* The task *
Output all of the data below without changing a word, and exclude the pictures.

* Data records *

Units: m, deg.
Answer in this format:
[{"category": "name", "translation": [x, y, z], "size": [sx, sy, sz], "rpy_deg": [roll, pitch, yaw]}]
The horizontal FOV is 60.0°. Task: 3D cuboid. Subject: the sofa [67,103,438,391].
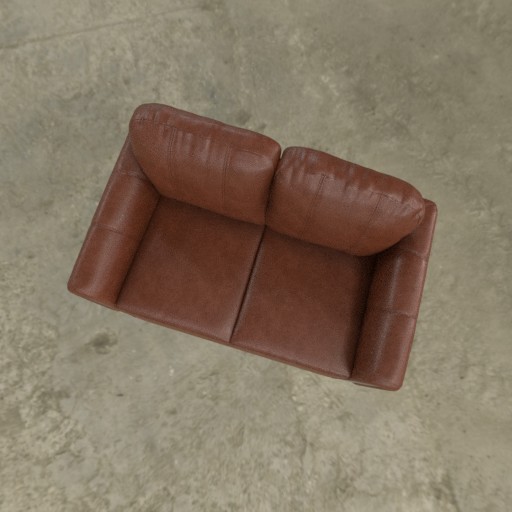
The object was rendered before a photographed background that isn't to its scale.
[{"category": "sofa", "translation": [0.000, 0.000, 1.969], "size": [1.406, 0.906, 0.805], "rpy_deg": [16, 76, 4]}]
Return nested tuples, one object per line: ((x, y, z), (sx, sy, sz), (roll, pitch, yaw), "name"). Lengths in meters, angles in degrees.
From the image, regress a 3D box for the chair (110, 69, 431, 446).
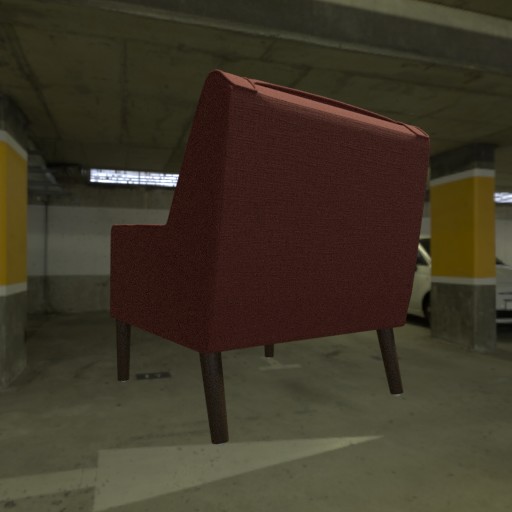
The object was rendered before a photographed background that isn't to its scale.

* Output *
Units: m, deg.
Answer in this format:
[{"category": "name", "translation": [x, y, z], "size": [sx, sy, sz], "rpy_deg": [roll, pitch, yaw]}]
The horizontal FOV is 60.0°. Task: 3D cuboid. Subject: the sofa [67,103,438,391].
The object was rendered before a photographed background that isn't to its scale.
[{"category": "sofa", "translation": [0.000, 0.000, 1.969], "size": [1.406, 0.906, 0.805], "rpy_deg": [16, 76, 4]}]
Return nested tuples, one object per line: ((x, y, z), (sx, sy, sz), (roll, pitch, yaw), "name"). Lengths in meters, angles in degrees.
From the image, regress a 3D box for the chair (110, 69, 431, 446).
The object was rendered before a photographed background that isn't to its scale.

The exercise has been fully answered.